Cognitive Behavioral Therapy for Insomnia (CBT-I) Outperforms Drugs for Insomnia

The New York Times today had an excellent article The Evidence Points to a Better Way, which summarized what I have written about before. Cognitive behavioral therapy for chronic insomnia (CBT-I) kicks the butt of drug therapy!

One study compared CBT with a common sleeping pill called Restoril and found that the CBT treatment led to larger and longer lasting improvements in sleep. Another study found that CBT treatment outperformed the drug Ambien, and that CBT alone was even better than CBT plus Ambien combined.

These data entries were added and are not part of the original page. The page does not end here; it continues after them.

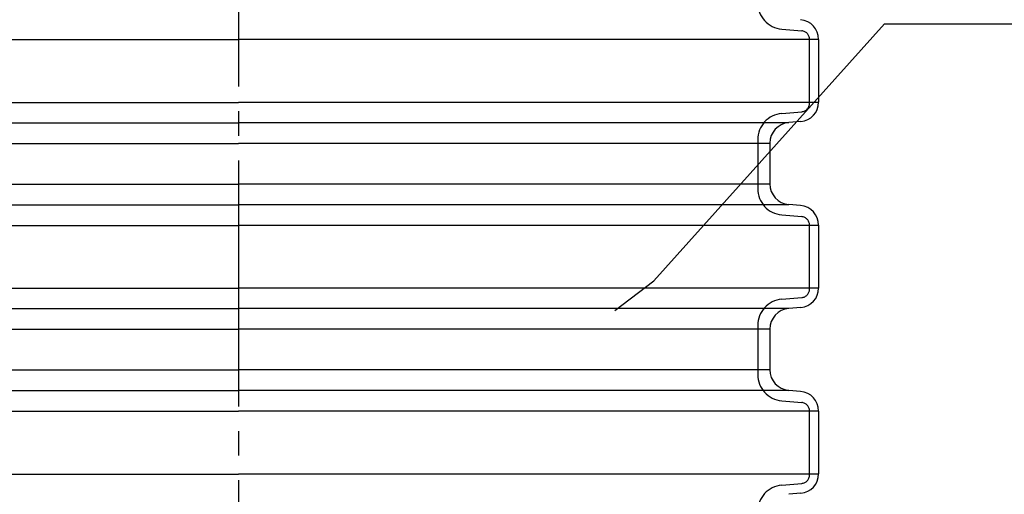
# Model space of a CAD drawing. Extents: x -92 to 107, y -193 to 75.
# Tile 8 of 10: x -31 to 29, y -79 to -50. Entities that reach past the tile are written whole.
import ezdxf

# ---------------------------------------------------------------- set-up
doc = ezdxf.new("R2010")
doc.units = 0
doc.header["$LTSCALE"] = 10
doc.header["$MEASUREMENT"] = 0
doc.linetypes.add('CENTER', pattern=[1.95, 1.5, -0.15, 0.15, -0.15])
doc.linetypes.add('HIDDEN1', pattern=[1.1, 0.75, -0.35])
doc.layers.get('0').update_dxf_attribs({"linetype": 'CONTINUOUS'})
doc.layers.add('ASS', color=7, linetype='CONTINUOUS')
doc.layers.add('CIENKA', color=7, linetype='CONTINUOUS')

msp = doc.modelspace()

# ---------------------------------------------------------------- linework, layer by layer
at = {"linetype": 'CENTER'}
msp.add_line((-17.228, 38.527), (-17.228, -168.64), dxfattribs=at)
at = {"linetype": 'Continuous'}
for p, q in [((-52.628, -51.6), (-17.228, -51.6)), ((18.172, -51.6), (-17.228, -51.6)), ((18.172, -51.589), (18.172, -55.422)), ((-52.628, -55.432), (-17.228, -55.432)), ((18.172, -55.432), (-17.228, -55.432)), ((-50.807, -56.675), (-17.228, -56.675)), ((16.351, -56.675), (-17.228, -56.675)), ((17.093, -56.6), (16.351, -56.665)), ((-49.653, -57.934), (-17.228, -57.934)), ((15.197, -57.934), (-17.228, -57.934)), ((15.197, -57.924), (15.197, -60.4)), ((-49.653, -60.411), (-17.228, -60.411)), ((15.197, -60.411), (-17.228, -60.411)), ((-50.807, -61.67), (-17.228, -61.67)), ((16.351, -61.67), (-17.228, -61.67)), ((17.072, -61.723), (16.351, -61.66)), ((-52.628, -62.933), (-17.228, -62.933)), ((18.172, -62.933), (-17.228, -62.933)), ((18.172, -62.923), (18.172, -64.829)), ((18.172, -64.829), (18.172, -66.756)), ((-52.628, -66.756), (-17.228, -66.756)), ((18.172, -66.756), (-17.228, -66.756)), ((-50.807, -67.998), (-17.228, -67.998)), ((16.351, -67.998), (-17.228, -67.998)), ((17.093, -67.934), (16.351, -67.998)), ((-49.653, -69.258), (-17.228, -69.258)), ((15.197, -69.258), (-17.228, -69.258)), ((15.197, -69.258), (15.197, -71.734)), ((-49.653, -71.734), (-17.228, -71.734)), ((15.197, -71.734), (-17.228, -71.734)), ((-50.807, -72.994), (-17.228, -72.994)), ((16.351, -72.994), (-17.228, -72.994)), ((17.072, -73.057), (16.351, -72.994)), ((-52.628, -74.257), (-17.228, -74.257)), ((18.172, -74.257), (-17.228, -74.257)), ((18.172, -74.257), (18.172, -78.089)), ((-52.628, -78.1), (-17.228, -78.1)), ((18.172, -78.1), (-17.228, -78.1)), ((17.093, -79.267), (16.351, -79.332))]:
    msp.add_line(p, q, dxfattribs=at)
for centre, radius, start, end in [((16.967, -51.589), 1.205, 0, 85), ((16.989, -55.422), 1.182, 275, 0), ((16.461, -57.924), 1.264, 95, 180), ((16.461, -60.4), 1.264, 180, 265), ((16.967, -62.923), 1.205, 0, 85), ((16.989, -66.756), 1.182, 275, 0), ((16.461, -69.258), 1.264, 95, 180), ((16.461, -71.734), 1.264, 180, 265), ((16.967, -74.257), 1.205, 0, 85), ((16.989, -78.089), 1.182, 275, 0)]:
    msp.add_arc(centre, radius, start, end, dxfattribs=at)
at = {"layer": 'ASS', "linetype": 'Continuous'}
msp.add_lwpolyline([(5.73, -68.119), (8.125, -66.312), (22.195, -50.638), (98.869, -50.638)], dxfattribs=at)
at = {"layer": 'CIENKA', "linetype": 'HIDDEN1'}
for p, q in [((15.92, -50.96), (17.139, -51.066)), ((17.614, -55.481), (17.614, -51.585)), ((15.92, -56.106), (17.139, -56)), ((14.453, -57.706), (14.453, -60.693)), ((15.92, -62.293), (17.139, -62.4)), ((17.614, -64.829), (17.614, -62.919)), ((17.614, -66.815), (17.614, -64.829)), ((15.92, -67.44), (17.139, -67.333)), ((14.453, -69.04), (14.453, -72.027)), ((15.92, -73.627), (17.139, -73.734)), ((17.614, -78.149), (17.614, -74.253)), ((15.92, -78.774), (17.139, -78.667))]:
    msp.add_line(p, q, dxfattribs=at)
for centre, radius, start, end in [((16.06, -49.359), 1.606, 180, 265), ((17.094, -51.585), 0.521, 0, 85), ((17.094, -55.481), 0.521, 275, 0), ((16.06, -57.706), 1.606, 95, 180), ((16.06, -60.693), 1.606, 180, 265), ((17.094, -62.919), 0.521, 0, 85), ((17.094, -66.815), 0.521, 275, 0), ((16.06, -69.04), 1.606, 95, 180), ((16.06, -72.027), 1.606, 180, 265), ((17.094, -74.253), 0.521, 0, 85), ((17.094, -78.149), 0.521, 275, 0), ((16.06, -80.374), 1.606, 95, 180)]:
    msp.add_arc(centre, radius, start, end, dxfattribs=at)

doc.saveas('drawing.dxf')

Even more impressive are the results of a large meta-study which was published today. This meta-study, which combined data from 20 clinical trials and involved over 1000 patients with chronic insomnia showed that CBT I resulted in these patients falling asleep 19 minutes faster and having 26 minutes less wakefulness during each night on average. The actual study is protected by a pay wall, but the summary results are here.

One might question the clinical relevance of these outcomes. Does falling asleep 19 minutes faster really make that much of a difference? Does sleeping an extra 26 minutes a night make patients feel better the next day? As a good sleeper, I don’t really know the answer to these questions.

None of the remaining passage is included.